The present invention relates to a shift control method for an automatic transmission, and more particularly to a shift control method when a power-off downshift is commanded by manual switching means and a power-on upshift is commanded during the shift period.

In general, an automatic transmission performs a shift by automatically determining a gear position from a shift map and engaging or releasing an engagement element in accordance with driving conditions such as a vehicle speed and a throttle opening. In the case of such an automatic transmission, in addition to the shift map, a map for determining the power-on region and the power-off region based on the throttle opening (accelerator opening) and the engine speed is also set. Or the power-off region, the method of transient control of the engagement element is changed.
6A is a map showing each region of power-on / power-off at the time of upshifting, and FIG. 6B is a map showing each region of power-on / power-off at the time of downshifting. These maps are individually set, and the boundary line at the time of upshift is set to the lower throttle side than the boundary line at the time of downshift.
When both maps are combined, as shown in FIG. 6C, the power-on up region and the power-off down region partially overlap. Therefore, in the state of point A, both a power-on upshift and a poweroff downshift can be established.

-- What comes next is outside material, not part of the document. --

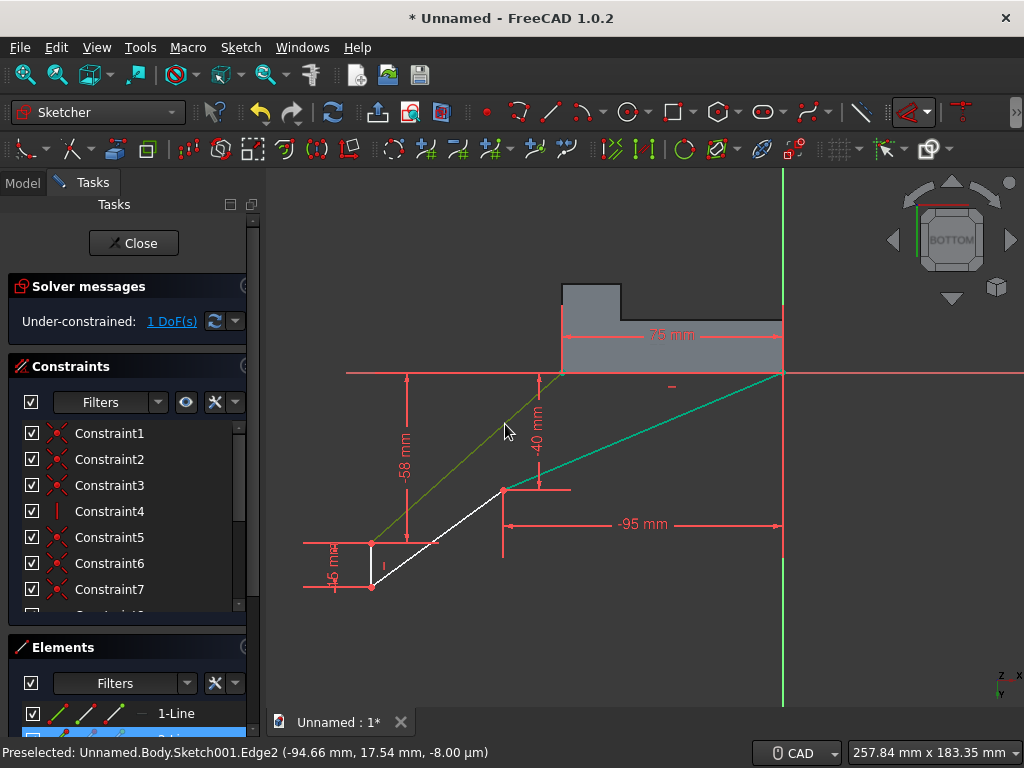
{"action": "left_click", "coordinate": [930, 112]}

Incidentally, some automatic transmissions include manual switching means called OD (overdrive) switches. In such an automatic transmission, if the OD switch is turned OFF while traveling at OD (for example, 4th speed), it is forcibly downshifted to 3rd speed regardless of the vehicle speed and the throttle opening. In addition to the OD switch, there is an automatic transmission that selects an arbitrary gear position by manually operating an up switch and a down switch in the D range state.
In an automatic transmission that can manually switch between downshifts and upshifts by such manual switching means, the vehicle travels in a region where both the power-on upshift and the poweroff-downshift as described above can be established. When a power-off downshift is commanded by the manual switching means and a power-on upshift is commanded during the shift period, multiple shift shocks due to hydraulic response delay may occur.

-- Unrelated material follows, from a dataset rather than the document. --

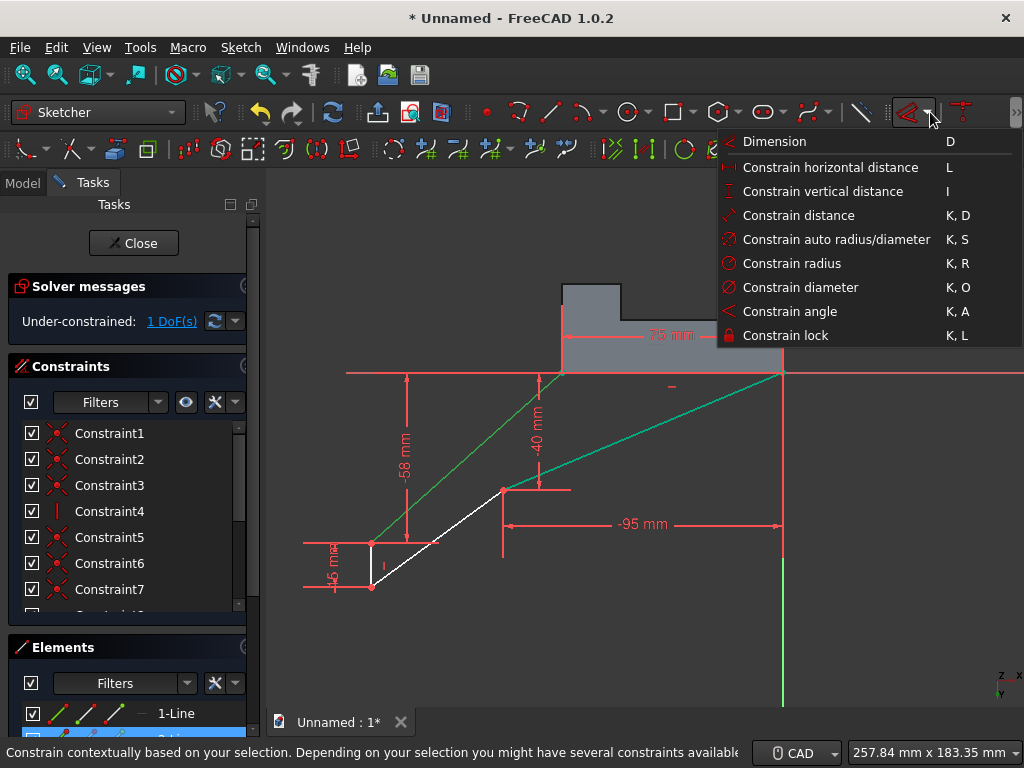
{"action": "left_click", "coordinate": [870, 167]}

FIG. 7 shows the engagement element B1 when a power-on upshift from the 3rd speed to the 4th speed is instructed immediately after the power-off downshift from the 4th speed to the 3rd speed is instructed by ON / OFF switching of the OD switch. The change over time of the hydraulic pressure and the command current of the B1 control electromagnetic valve, the hydraulic pressure of the engagement element C2, the command current of the C2 control electromagnetic valve, and the turbine speed is shown. The engagement element B1 is engaged at the fourth speed and released at the third speed, and the engagement element C2 is released at the fourth speed and engaged at the third speed.
In the case of a power-off downshift, rattling of the engagement element C2 is performed from the time when the shift command is issued at time t1 until time t2, the initial pressure is output to the engagement element C2 at time t2, and the hydraulic pressure is started from time t3. Increase gradually. On the other hand, the engagement element B1 is almost fully released when a shift command is issued at time t1. In this way, the hydraulic pressure of the disengagement-side engagement element B1 is fully released during the power-off downshift because the turbine rotation speed must be controlled by the engagement-side engagement element C2 to prevent dragging by the double clutch. It is.
When a power-on upshift is commanded at time t4, the hydraulic pressure of the engagement element C2 is substantially drained, and the hydraulic pressure of the engagement element B1 is increased again. However, since the hydraulic pressure of the engagement element B1 is almost fully released, the rise of the hydraulic pressure is delayed even if an engagement command is issued next, and the increase in the turbine speed is delayed. The controller of the automatic transmission constantly monitors the turbine rotation speed, and determines that the turbine rotation speed is synchronized when the turbine rotation speed approaches the rotation speed of the target high speed stage (fourth speed here). Therefore, if the turbine rotational speed is low at the time of the upshift command, it is apparently determined that the rotational speed is synchronized with the rotational speed of the high speed stage (fourth speed).
In the power-on upshift, the command current of the engagement element B1 on the engagement side is swept (gradually increased) at the time of synchronization determination. However, since the hydraulic pressure of the engagement element B1 is almost completely released as described above, It takes time to increase the hydraulic pressure. As a result, the engine blows up, and the engagement element B1 engages with a delay, causing a shock.
Note that time t5 is the start of drawing-in of the turbine speed due to the engagement of the engagement element B1, and time t6 is the engagement completion command.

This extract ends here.